Name: Temporary queue selector

Matching condition:

messaging.destination.temporary == false and
matchesPhrase(messaging.destination.name, "odaRequestQueue*")

This condition matches all messaging spans that were detected as not temporary (where messaging.destination.temporary is set to false) and matches the specific odaRequestQueue* destination pattern that should be overridden to be considered temporary.

DQL processor definition:

fieldsAdd messaging.destination.temporary = true

This definition sets messaging.destination.temporary to true.
To rename messaging destinations, select Processor > Add fields on the Processing tab, and configure a new DQL processor.
Name: Destination renamer

Matching condition:

matchesPhrase(messaging.destination.name, "odaRequestQueue*")

This condition matches all spans related to messaging destinations that start with odaRequestQueue.

Add fields: Enter the following values, and then select Add:

Name: messaging.destination.name
Value: odaRequestQueue

By adding this field, you replace the original content of messaging.destination.name with the odaRequestQueue value. In this case, the original value of messaging.destination.name that ends with consecutive numbers is replaced with a static odaRequestQueue that only contains the first, constant part of the destination name.
Select Save in the upper-right corner of the page.

You should see the Queue handling pipeline in the list of pipelines.

3. Create a dynamic route

Now that you have created a new pipeline and defined the required DQL processor, activate this processor by connecting it to OpenPipeline via a dynamic route. This way, your pipeline can receive the span data.

To create a dynamic route

On the Spans page, go to the Dynamic routing tab.
Select Dynamic route.
Define your dynamic route:
- Name: Queue handling
- Matching condition:
```
matchesPhrase(messaging.destination.name, "odaRequestQueue*")
```
  This condition matches all spans related to messaging destinations that start with odaRequestQueue.
- Pipeline: Select the previously created Queue handling pipeline from the list of custom pipelines.
Select Add, and then select Save.

You should see the Queue handling dynamic route in the list of dynamic routes.

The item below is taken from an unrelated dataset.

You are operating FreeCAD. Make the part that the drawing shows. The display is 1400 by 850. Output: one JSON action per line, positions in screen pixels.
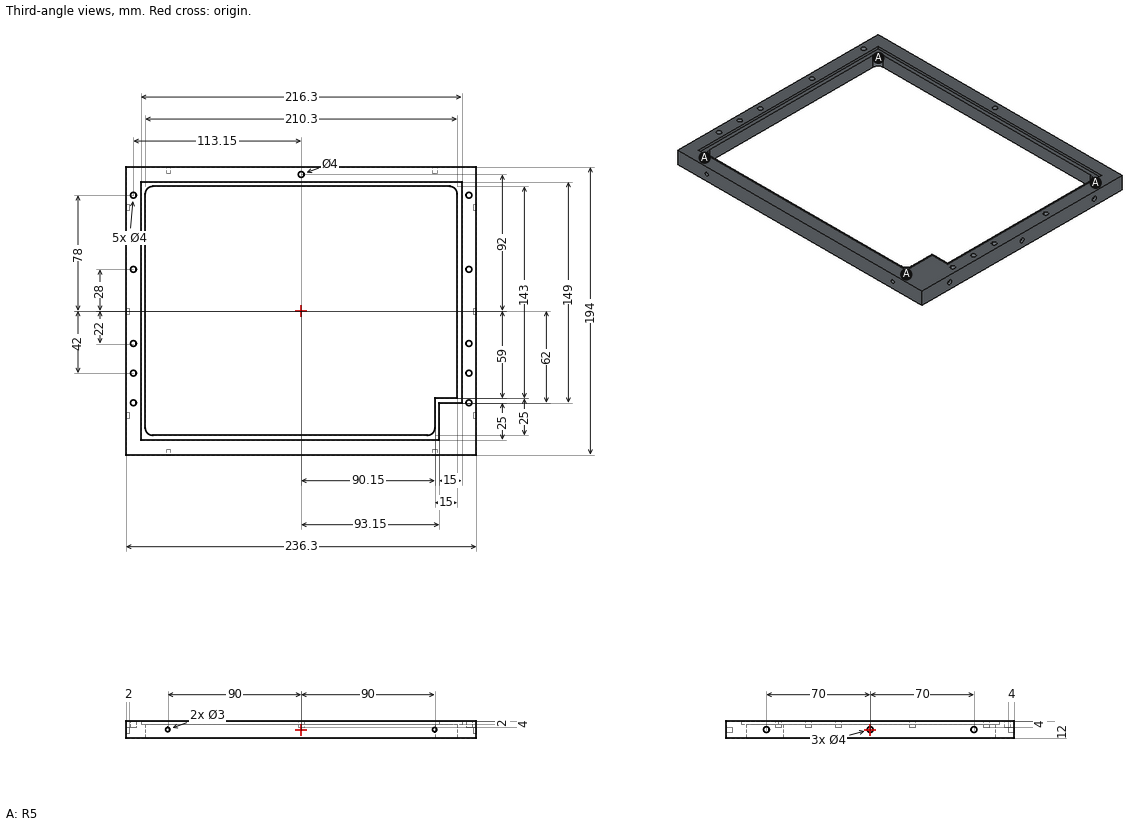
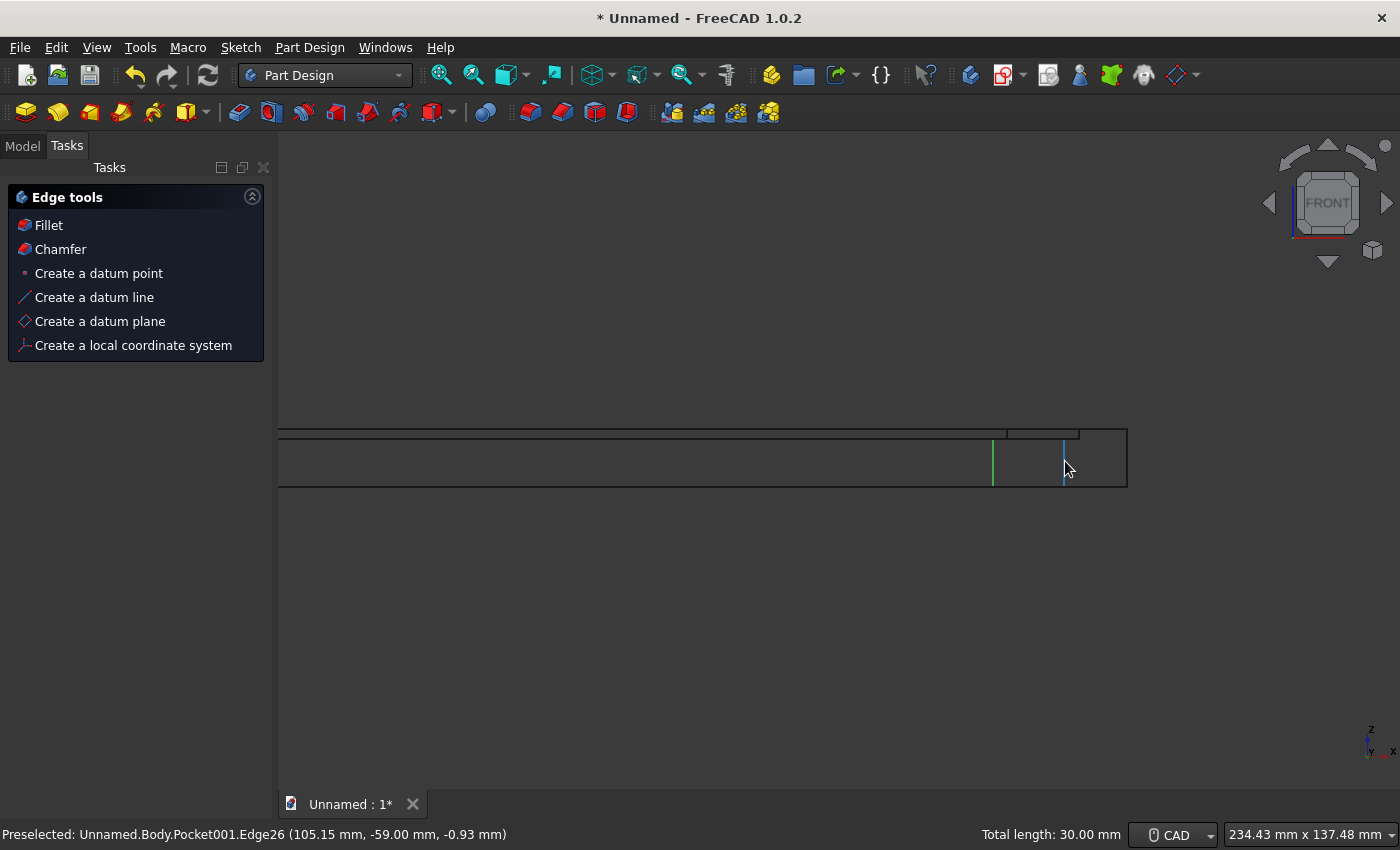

After you've created the Queue handling pipeline and activated it by creating a dynamic route, you should see that queues with high cardinality either have messaging.destination.temporary set to true or feature normalized names, which significantly reduces metric cardinality in the Message processing view in Services. To verify this, follow the instructions in Spot high cardinality.

Congratulations!

You've completed this tutorial. You've learned how to normalize outbound calls, Redis commands, and temporary queue names in different views in Services. Reducing cardinality of these entities makes your data more actionable and allows for easier and more effective analysis.